If you were alive this weekend then you probably got wind of Sarah Palin’s emails. If you felt “engaged” then maybe you poured over them yourself. That’s because several news organizations including the New York Times, Washington Post and Huffington Post all scanned these documents and put them up for readers to scour over.
I tweeted: So NYT, WaPo + HuffPost are all crowdsourcing Sarah Palin’s emails. Great! But now we’re redundant in collaborative efforts. #slapsmyownface
I thought about writing more on this when I got home from IRE in Orlando, but life happens and I hoped the Tweet would suffice. Then I read Mandy Jenkins awesome post and got re-inspired. That’s right, I’m taking it old school to blogging instead of just tweeting.
From Mandy:
We all had boxes and boxes of printed emails of an ex-political official to go through. From the New York Times to Mother Jones/MSNBC/ProPublica, the Washington Post and my own employer – many national news sources spent enormous amounts of human capital to scan, upload, display, read, analyze and crowdsource Sarah Palin’s emails.
I remember back in 2006 working on Assignment Zero when “crowdsourcing” raised eyeballs and had people shaking their fists in the air. “Damn you kids and your crowdsourcing, get out of my news organization.” I certainly think it’s great that various entities had this natural motion to include readers. But I’m also a little concerned about a few trends here.
First and foremost as Mandy pointed out – there was serious overlap of effort. It’s great that almost every organization used DocumentCloud to upload the emails. But did we really need multiple instances of them? All of you could have agreed to lend one person to the scanning operation and cut your work load into a tenth.
Then the real “competition” could have gotten started which would involve a few things.
(a. User Interface. A huge part of any successful crowdsourced experiment is the user interface. I would love for somebody to do some research on all the crowdsourced experiments this weekend and do analysis on the various user interfaces created and what percentage of people got involved. That’s the kind of research that can help us figure out how to pin these things down in the future.

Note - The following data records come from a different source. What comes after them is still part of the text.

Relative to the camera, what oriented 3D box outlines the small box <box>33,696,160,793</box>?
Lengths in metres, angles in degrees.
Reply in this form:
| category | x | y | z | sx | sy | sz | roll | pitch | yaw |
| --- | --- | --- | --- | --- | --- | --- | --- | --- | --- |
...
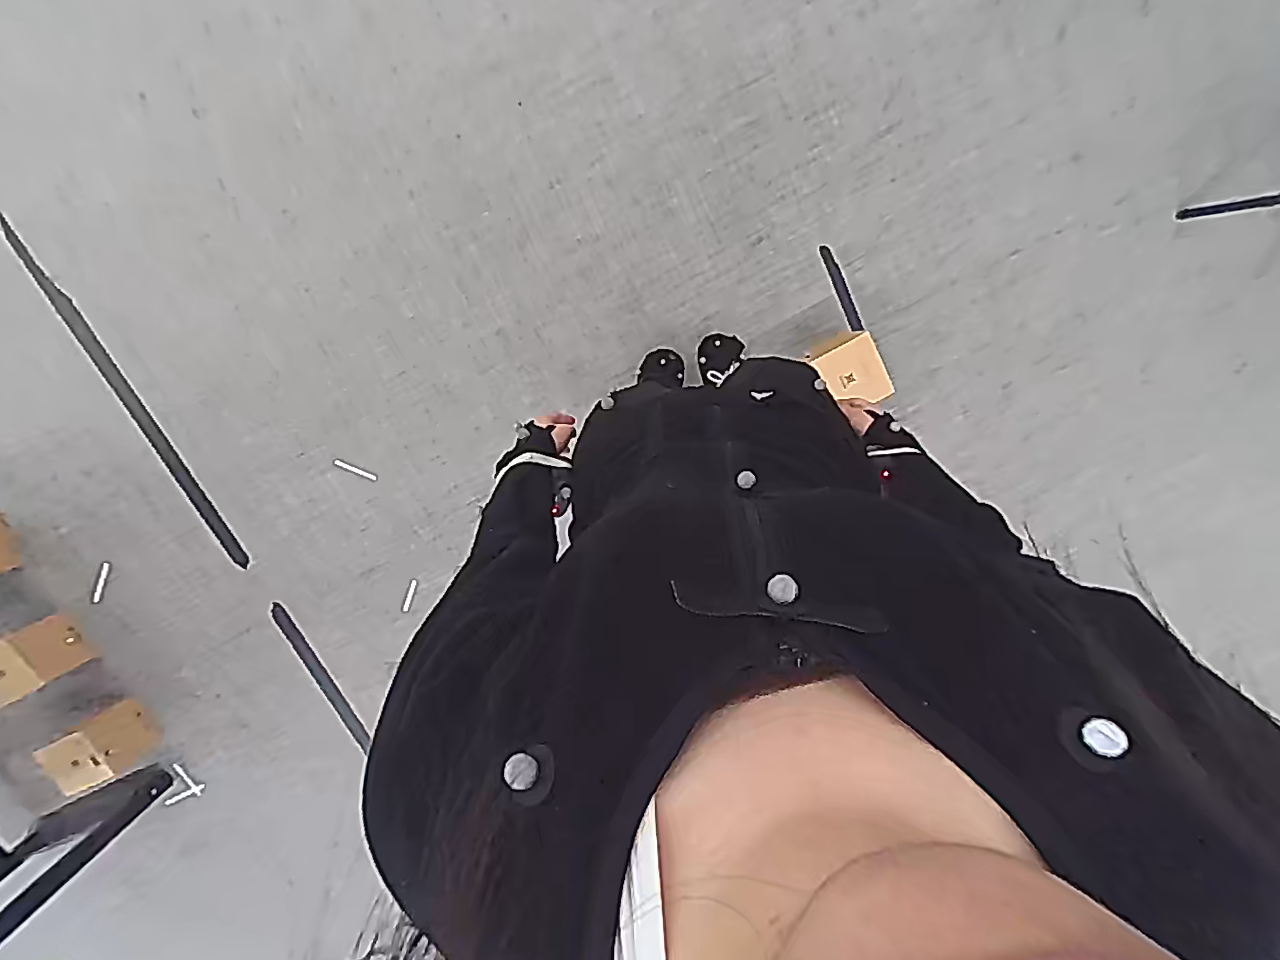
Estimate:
| category | x | y | z | sx | sy | sz | roll | pitch | yaw |
| --- | --- | --- | --- | --- | --- | --- | --- | --- | --- |
| small box | -1.617 | 0.787 | 1.620 | 0.179 | 0.176 | 0.168 | -24 | 103 | 7 |

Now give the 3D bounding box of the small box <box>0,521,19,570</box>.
| category | x | y | z | sx | sy | sz | roll | pitch | yaw |
| --- | --- | --- | --- | --- | --- | --- | --- | --- | --- |
| small box | -1.889 | 0.189 | 1.472 | 0.168 | 0.176 | 0.179 | -9 | 105 | 2 |

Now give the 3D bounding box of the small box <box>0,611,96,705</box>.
| category | x | y | z | sx | sy | sz | roll | pitch | yaw |
| --- | --- | --- | --- | --- | --- | --- | --- | --- | --- |
| small box | -1.747 | 0.507 | 1.550 | 0.179 | 0.176 | 0.168 | -26 | 103 | 6 |
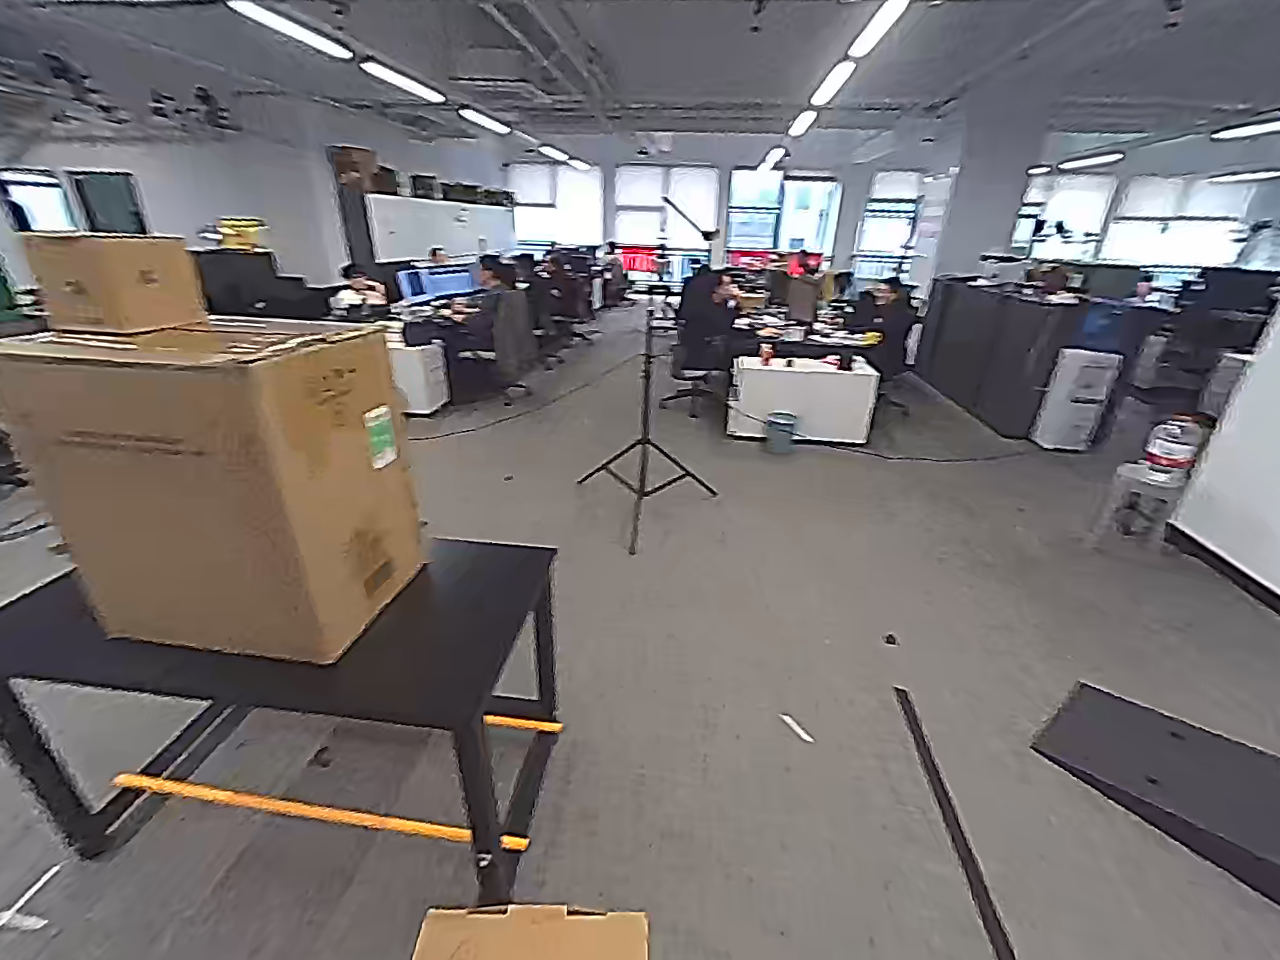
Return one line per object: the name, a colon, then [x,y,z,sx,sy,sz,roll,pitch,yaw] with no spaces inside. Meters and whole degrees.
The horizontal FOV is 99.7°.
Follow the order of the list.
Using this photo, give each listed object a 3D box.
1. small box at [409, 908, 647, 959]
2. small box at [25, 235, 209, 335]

(b. We can get over the “cool” factor of crowdsourcing now and really think about the best ways to implement it and absorb the information flow back from readers.
There is an irony in all this (hence the title). The best use of crowdsourcing (or distributed reporting) is for stories that really can’t be done by one single person. The Sarah Palin emails are a classic example. It would be impossible for one person to read over all her emails in a weekend. But by not working together news organizations defeated part of the purpose of crowdsourcing. Instead of getting the information to the public asap, they each had their own folks scanning and uploading the documents creating more work for an individual ie: a bottleneck.
Another important thing to keep in mind is that crowdsourcing doesn’t mean “no work” for individuals. Ask anyone in these organizations and I’m confident there was TONS going on. As readers go over emails they contact the news organization and then there’s a bottleneck where a few people have to analyze the information they are getting back (granted it’s filtered info) from the public. Perhaps it goes without saying but just in case – collaboration can and often does create MORE work.
- Collaboration REQUIRES transparency (hence my push for a transparent news process) and that means taking the time to communicate to the public about where in the reporting process we are.
- Collaboration requires communication – where physical proximity is lacking communication must excel.
- Collaboration requires listening – an ability to absorb information sent back.
- ETC., ETC., ETC.,
I would argue that the main reason or thrust of collaboration with the public in this manner isn’t to minimize the workflow. Instead the aim is to collaborate with the public for the sake of collaboration. Because it is a descent and good thing to do. Because it engaged the public in their own democracy – in this case it literally gets them involved reading a former Governor’s emails (I just wish the representative didn’t have to be a semi-celebrity complete with reality TV show to get their attention).
Okay. Rant over – back to work.
Good to know I wasn’t alone on that!